An alternative way to calculate the value of the tax concession is to use an expenditure tax benchmark. The two types of expenditure tax benchmarks are: a pre-paid expenditure tax based on direct taxation of labour income with an exemption for saving; and a post-paid expenditure tax based on the taxation of a direct measure of expenditure or of goods and services.

Under the pre-paid expenditure tax benchmark, the value of the concession is the difference between the tax paid if the superannuation contribution were taxed as income at the individual's personal tax rate (plus the Medicare levy) and the tax paid in the fund, less the tax paid on earnings in the fund. Benefits are tax exempt under this benchmark, which is consistent with the tax exemption of superannuation benefits in Australia's retirement income system. Under this benchmark, the superannuation tax concessions would have an estimated aggregate cost to revenue of $4.6 billion in 2007-08.

Under the post-paid expenditure tax benchmark, both contributions and earnings would be tax-exempt but benefits would be fully taxable when paid. Under this benchmark the tax concession is expected to be less than under the pre-paid expenditure tax benchmark, as individuals will generally have a lower tax rate on their retirement income than their income while working.

Under all these benchmarks, superannuation is taxed concessionally. However, the concessions are heavily weighted to individuals on higher personal tax rates.

(a) These estimates are not necessarily indicative of the cost of the superannuation concessions over the long term. The tax concessions help to reduce budgetary expenses in future years, particularly Age Pension payments, through the effect of the means tests.

Conclusion

When it comes to assessing future policy proposals, it will be important for the Council to be able to weigh the notional cost of proposed policies against expected future offsetting reductions in expenditure on the Age Pension and other economic benefits. This will involve developing a comprehensive framework of analysis which is able to combine these elements and be improved over time.
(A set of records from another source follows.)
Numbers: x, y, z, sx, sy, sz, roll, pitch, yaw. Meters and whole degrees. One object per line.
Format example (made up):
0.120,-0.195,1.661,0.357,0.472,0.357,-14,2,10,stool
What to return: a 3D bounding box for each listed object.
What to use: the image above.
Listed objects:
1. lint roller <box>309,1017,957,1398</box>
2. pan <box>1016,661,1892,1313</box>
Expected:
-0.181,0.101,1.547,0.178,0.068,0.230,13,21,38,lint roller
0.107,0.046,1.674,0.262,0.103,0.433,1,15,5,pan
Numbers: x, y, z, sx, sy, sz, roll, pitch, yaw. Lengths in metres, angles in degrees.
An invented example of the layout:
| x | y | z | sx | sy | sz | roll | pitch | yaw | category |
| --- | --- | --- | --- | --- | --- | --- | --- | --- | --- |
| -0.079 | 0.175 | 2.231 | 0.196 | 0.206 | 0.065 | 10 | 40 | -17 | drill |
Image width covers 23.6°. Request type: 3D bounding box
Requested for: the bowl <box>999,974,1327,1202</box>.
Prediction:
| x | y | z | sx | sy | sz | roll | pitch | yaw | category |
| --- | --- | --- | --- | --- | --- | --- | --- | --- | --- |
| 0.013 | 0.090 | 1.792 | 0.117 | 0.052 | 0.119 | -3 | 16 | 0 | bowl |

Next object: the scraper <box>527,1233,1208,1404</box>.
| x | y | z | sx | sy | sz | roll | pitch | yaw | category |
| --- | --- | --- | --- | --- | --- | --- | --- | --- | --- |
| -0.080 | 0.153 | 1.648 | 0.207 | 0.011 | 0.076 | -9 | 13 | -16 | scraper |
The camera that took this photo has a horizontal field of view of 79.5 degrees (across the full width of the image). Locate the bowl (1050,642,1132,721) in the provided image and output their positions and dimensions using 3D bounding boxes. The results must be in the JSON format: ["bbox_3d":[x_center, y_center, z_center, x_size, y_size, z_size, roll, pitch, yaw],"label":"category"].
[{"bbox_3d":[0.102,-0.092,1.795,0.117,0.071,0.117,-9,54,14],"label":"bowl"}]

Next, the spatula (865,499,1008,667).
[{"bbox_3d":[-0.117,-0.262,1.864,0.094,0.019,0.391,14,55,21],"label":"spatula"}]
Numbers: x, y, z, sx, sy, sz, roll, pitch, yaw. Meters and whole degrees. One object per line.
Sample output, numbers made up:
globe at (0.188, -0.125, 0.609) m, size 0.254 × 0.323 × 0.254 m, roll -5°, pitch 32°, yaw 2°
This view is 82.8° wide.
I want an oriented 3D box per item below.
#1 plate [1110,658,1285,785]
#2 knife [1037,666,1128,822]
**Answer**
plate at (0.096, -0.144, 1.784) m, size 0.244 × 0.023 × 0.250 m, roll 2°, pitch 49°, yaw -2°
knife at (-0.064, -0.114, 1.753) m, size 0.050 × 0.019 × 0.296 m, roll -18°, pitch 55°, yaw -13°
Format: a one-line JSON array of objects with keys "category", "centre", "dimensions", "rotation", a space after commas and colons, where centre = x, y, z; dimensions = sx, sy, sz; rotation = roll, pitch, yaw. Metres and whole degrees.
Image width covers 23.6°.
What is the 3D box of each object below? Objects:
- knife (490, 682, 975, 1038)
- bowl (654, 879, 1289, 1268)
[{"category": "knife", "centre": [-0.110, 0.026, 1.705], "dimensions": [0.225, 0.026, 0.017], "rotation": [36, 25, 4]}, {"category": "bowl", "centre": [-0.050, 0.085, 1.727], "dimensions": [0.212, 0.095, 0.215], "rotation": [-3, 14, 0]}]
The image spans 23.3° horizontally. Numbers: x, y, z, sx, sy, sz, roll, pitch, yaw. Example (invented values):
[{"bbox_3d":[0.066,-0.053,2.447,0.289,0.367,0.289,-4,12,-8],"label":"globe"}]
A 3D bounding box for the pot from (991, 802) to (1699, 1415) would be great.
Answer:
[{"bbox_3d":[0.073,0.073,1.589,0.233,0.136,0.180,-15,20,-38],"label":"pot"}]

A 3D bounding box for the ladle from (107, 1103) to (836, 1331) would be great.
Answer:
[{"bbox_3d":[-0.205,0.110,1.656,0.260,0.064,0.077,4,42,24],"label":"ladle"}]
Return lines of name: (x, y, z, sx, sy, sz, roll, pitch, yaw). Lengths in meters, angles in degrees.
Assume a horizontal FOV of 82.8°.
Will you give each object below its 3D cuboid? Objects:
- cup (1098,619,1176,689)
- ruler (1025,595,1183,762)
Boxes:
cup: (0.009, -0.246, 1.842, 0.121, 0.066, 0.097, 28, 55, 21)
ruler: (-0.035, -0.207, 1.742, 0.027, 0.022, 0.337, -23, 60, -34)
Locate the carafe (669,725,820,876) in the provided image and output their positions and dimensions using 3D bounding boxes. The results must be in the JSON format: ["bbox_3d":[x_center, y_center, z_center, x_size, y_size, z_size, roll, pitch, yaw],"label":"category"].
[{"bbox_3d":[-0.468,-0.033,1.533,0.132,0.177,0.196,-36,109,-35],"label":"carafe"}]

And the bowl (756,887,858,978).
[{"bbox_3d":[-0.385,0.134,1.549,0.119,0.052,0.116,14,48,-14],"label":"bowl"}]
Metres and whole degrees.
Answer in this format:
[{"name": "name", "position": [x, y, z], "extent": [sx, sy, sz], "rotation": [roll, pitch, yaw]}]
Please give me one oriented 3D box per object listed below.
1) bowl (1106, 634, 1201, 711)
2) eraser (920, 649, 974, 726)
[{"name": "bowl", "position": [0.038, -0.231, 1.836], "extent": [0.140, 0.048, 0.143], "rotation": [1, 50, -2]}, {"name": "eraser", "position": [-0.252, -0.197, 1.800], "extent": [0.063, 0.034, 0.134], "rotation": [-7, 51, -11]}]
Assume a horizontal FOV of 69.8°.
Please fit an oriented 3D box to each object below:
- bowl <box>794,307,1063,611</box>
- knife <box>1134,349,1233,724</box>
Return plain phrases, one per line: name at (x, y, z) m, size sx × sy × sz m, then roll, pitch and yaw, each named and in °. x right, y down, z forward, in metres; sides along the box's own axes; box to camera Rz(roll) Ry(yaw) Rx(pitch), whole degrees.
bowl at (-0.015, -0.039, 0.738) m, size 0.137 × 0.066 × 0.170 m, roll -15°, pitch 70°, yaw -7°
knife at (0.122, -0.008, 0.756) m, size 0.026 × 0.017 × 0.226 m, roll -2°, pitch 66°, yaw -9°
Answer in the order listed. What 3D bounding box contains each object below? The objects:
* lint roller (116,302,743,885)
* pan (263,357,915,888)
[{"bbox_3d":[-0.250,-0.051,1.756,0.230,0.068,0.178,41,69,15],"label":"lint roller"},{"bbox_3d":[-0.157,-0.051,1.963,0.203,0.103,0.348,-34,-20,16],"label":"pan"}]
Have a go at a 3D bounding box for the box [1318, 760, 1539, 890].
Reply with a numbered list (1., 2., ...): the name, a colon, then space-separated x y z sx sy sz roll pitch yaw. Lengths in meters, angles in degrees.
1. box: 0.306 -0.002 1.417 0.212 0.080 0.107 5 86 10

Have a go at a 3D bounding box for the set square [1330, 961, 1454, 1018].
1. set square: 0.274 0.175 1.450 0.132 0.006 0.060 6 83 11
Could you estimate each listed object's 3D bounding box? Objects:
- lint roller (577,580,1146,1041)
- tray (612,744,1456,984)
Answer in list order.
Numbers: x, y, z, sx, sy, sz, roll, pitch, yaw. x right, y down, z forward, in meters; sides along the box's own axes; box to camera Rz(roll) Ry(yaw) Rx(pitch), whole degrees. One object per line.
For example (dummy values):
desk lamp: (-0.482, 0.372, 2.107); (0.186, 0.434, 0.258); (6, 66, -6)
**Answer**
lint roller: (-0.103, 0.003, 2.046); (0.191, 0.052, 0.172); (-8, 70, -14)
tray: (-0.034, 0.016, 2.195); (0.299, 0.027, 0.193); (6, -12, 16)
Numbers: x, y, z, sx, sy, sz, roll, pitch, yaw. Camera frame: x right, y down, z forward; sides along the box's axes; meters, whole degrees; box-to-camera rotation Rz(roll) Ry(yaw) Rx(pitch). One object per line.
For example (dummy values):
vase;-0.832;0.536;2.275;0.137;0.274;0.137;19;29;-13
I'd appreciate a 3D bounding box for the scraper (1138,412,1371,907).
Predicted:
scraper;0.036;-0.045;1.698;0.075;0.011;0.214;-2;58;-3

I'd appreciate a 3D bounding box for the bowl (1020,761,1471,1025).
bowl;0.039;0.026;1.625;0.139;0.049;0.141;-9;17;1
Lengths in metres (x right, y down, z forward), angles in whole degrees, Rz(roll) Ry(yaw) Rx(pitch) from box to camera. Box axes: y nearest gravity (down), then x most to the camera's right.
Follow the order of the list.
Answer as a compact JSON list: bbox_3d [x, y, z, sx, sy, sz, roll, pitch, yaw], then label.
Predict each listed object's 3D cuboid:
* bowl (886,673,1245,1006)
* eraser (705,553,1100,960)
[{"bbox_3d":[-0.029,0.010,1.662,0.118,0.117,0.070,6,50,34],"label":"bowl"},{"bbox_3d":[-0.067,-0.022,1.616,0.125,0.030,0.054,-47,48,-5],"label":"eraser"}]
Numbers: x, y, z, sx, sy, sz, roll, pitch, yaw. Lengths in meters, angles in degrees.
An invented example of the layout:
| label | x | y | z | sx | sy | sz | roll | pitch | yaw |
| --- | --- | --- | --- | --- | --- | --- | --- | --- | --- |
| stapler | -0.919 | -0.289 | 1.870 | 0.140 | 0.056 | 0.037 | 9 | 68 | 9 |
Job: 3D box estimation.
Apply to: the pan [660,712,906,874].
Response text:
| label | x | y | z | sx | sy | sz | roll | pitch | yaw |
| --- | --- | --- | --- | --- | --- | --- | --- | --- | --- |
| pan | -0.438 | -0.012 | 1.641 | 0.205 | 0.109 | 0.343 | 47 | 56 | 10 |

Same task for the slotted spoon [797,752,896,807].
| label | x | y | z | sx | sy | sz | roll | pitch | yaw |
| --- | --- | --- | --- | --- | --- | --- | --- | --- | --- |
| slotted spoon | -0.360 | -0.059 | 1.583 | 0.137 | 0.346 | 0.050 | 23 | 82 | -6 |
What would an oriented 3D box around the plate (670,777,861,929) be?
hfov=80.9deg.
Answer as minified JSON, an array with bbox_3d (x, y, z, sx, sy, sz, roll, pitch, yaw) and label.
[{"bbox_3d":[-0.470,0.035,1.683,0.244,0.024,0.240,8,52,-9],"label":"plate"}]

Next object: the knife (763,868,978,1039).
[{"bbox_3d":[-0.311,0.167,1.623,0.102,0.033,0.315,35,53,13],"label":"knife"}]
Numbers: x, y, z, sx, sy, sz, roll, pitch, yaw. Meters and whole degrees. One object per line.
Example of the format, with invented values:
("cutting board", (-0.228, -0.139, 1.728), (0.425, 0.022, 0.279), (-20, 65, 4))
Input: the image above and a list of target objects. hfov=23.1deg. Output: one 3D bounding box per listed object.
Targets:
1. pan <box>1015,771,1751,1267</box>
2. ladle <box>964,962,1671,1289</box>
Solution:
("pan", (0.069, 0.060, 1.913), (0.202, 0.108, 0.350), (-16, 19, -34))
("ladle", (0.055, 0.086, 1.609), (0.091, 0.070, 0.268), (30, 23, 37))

The Charter Group is attracted to the idea that the pre-paid tax expenditure method identified in the course of the Henry review is the place to start, but this will be a matter for the Council to determine.


2 APRA data show that the net compound annual growth rate of the superannuation system from June 1994 to June 2012 was 11.2 per cent.

3 Treasury estimates. Treasury uses a model called RIMGROUP to estimate the long term aggregate and distributional impact of superannuation policy changes. RIMGROUP is an actuarial increment and decrement cohort model which breaks each cohort into career earnings deciles and gender. Accumulations are modelled in seven account types within this group structure.

4 Australian Taxation Office, Annual report 2011-12, October 2012, Table 2.22 Administered expenses p. 60.

5 Portfolio Budget Statements 2013-14, Budget-Related Paper No 1.18 Treasury Portfolio, Table 2.16 p. 206.

6 Rothman, G. Modelling the sustainability of Australia’s retirement income system, July 2012 Paper presented to the 20th colloquium of superannuation researchers.